(Data entries)
BEGIN

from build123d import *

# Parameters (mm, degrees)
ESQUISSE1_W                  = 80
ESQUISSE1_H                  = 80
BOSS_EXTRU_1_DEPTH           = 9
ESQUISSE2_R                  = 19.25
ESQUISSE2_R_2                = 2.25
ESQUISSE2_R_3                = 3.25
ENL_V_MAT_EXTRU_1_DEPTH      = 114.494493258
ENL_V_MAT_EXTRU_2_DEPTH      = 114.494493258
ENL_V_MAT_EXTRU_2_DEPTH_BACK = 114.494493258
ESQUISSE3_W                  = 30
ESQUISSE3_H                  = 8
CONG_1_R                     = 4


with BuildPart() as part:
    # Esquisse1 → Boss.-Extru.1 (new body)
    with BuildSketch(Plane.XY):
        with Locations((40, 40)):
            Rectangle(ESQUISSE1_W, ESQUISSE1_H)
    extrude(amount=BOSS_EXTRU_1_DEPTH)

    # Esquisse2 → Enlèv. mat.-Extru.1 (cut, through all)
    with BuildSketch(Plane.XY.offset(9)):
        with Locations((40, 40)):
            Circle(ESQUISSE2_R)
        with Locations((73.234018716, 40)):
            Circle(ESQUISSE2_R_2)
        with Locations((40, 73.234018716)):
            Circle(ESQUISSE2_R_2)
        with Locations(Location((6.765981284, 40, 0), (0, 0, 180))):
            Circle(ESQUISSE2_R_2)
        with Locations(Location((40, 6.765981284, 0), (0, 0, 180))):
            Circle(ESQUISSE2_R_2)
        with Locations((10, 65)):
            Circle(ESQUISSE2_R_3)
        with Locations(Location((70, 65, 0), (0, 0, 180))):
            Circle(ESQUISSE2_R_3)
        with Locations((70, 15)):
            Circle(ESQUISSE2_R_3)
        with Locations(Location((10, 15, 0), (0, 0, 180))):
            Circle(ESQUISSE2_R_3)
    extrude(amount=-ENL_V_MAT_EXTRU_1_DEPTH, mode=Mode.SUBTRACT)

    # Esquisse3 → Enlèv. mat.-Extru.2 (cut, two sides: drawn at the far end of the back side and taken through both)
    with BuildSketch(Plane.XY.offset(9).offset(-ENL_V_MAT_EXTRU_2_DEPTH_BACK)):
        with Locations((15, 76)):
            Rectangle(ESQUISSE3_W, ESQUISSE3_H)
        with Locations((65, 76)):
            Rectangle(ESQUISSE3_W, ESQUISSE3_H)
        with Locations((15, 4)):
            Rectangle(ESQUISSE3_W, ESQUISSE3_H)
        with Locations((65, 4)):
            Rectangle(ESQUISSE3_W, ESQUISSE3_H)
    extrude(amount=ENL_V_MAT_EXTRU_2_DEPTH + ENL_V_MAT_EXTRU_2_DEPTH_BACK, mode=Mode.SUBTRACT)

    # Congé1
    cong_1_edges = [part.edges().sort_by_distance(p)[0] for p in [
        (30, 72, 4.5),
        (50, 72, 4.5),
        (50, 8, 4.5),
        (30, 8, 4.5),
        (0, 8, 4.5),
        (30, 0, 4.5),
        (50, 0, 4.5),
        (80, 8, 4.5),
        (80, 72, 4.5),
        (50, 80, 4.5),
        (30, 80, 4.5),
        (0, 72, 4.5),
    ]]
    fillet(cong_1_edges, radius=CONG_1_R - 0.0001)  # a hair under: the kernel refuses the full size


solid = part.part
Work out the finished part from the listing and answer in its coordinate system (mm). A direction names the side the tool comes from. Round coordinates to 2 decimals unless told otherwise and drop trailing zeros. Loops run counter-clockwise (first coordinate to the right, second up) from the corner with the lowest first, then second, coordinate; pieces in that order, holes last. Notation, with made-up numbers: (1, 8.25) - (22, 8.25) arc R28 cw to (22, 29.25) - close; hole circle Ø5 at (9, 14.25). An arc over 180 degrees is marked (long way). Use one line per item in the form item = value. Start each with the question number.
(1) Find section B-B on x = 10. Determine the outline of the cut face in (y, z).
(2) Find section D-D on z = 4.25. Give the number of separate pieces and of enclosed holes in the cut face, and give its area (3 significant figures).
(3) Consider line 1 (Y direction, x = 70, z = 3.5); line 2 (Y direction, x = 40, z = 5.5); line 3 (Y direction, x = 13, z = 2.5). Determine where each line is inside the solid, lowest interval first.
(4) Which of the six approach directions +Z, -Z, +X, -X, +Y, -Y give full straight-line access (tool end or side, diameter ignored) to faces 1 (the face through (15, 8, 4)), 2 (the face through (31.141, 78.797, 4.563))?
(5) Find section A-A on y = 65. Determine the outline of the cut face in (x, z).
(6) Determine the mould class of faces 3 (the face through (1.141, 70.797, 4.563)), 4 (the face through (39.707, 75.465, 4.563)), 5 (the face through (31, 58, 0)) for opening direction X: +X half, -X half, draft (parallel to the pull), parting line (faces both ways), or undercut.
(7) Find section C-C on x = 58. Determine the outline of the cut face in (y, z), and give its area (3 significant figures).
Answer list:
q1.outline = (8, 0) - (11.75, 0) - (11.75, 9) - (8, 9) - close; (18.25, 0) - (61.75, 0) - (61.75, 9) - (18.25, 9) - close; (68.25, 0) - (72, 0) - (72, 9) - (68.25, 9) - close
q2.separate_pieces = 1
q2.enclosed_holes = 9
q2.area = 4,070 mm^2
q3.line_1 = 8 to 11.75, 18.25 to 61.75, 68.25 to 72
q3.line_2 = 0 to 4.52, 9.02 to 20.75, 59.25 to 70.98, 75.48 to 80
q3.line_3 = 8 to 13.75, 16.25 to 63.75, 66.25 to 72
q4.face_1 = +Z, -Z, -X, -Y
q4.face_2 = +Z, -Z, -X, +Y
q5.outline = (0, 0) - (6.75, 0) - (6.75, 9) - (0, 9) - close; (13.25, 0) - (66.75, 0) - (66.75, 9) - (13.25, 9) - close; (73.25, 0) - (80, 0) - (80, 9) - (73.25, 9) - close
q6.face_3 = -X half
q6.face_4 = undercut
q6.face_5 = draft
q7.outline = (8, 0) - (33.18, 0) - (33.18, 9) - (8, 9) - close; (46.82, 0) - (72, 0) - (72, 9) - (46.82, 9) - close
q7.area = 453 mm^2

END

### AIM OF THE TASK
Please set down again, word for word, only the lines from the start of the entries through the line with "# Esquisse3 →", both ends included.

### COMPLETED EXERCISE
from build123d import *

# Parameters (mm, degrees)
ESQUISSE1_W                  = 80
ESQUISSE1_H                  = 80
BOSS_EXTRU_1_DEPTH           = 9
ESQUISSE2_R                  = 19.25
ESQUISSE2_R_2                = 2.25
ESQUISSE2_R_3                = 3.25
ENL_V_MAT_EXTRU_1_DEPTH      = 114.494493258
ENL_V_MAT_EXTRU_2_DEPTH      = 114.494493258
ENL_V_MAT_EXTRU_2_DEPTH_BACK = 114.494493258
ESQUISSE3_W                  = 30
ESQUISSE3_H                  = 8
CONG_1_R                     = 4


with BuildPart() as part:
    # Esquisse1 → Boss.-Extru.1 (new body)
    with BuildSketch(Plane.XY):
        with Locations((40, 40)):
            Rectangle(ESQUISSE1_W, ESQUISSE1_H)
    extrude(amount=BOSS_EXTRU_1_DEPTH)

    # Esquisse2 → Enlèv. mat.-Extru.1 (cut, through all)
    with BuildSketch(Plane.XY.offset(9)):
        with Locations((40, 40)):
            Circle(ESQUISSE2_R)
        with Locations((73.234018716, 40)):
            Circle(ESQUISSE2_R_2)
        with Locations((40, 73.234018716)):
            Circle(ESQUISSE2_R_2)
        with Locations(Location((6.765981284, 40, 0), (0, 0, 180))):
            Circle(ESQUISSE2_R_2)
        with Locations(Location((40, 6.765981284, 0), (0, 0, 180))):
            Circle(ESQUISSE2_R_2)
        with Locations((10, 65)):
            Circle(ESQUISSE2_R_3)
        with Locations(Location((70, 65, 0), (0, 0, 180))):
            Circle(ESQUISSE2_R_3)
        with Locations((70, 15)):
            Circle(ESQUISSE2_R_3)
        with Locations(Location((10, 15, 0), (0, 0, 180))):
            Circle(ESQUISSE2_R_3)
    extrude(amount=-ENL_V_MAT_EXTRU_1_DEPTH, mode=Mode.SUBTRACT)

    # Esquisse3 → Enlèv. mat.-Extru.2 (cut, two sides: drawn at the far end of the back side and taken through both)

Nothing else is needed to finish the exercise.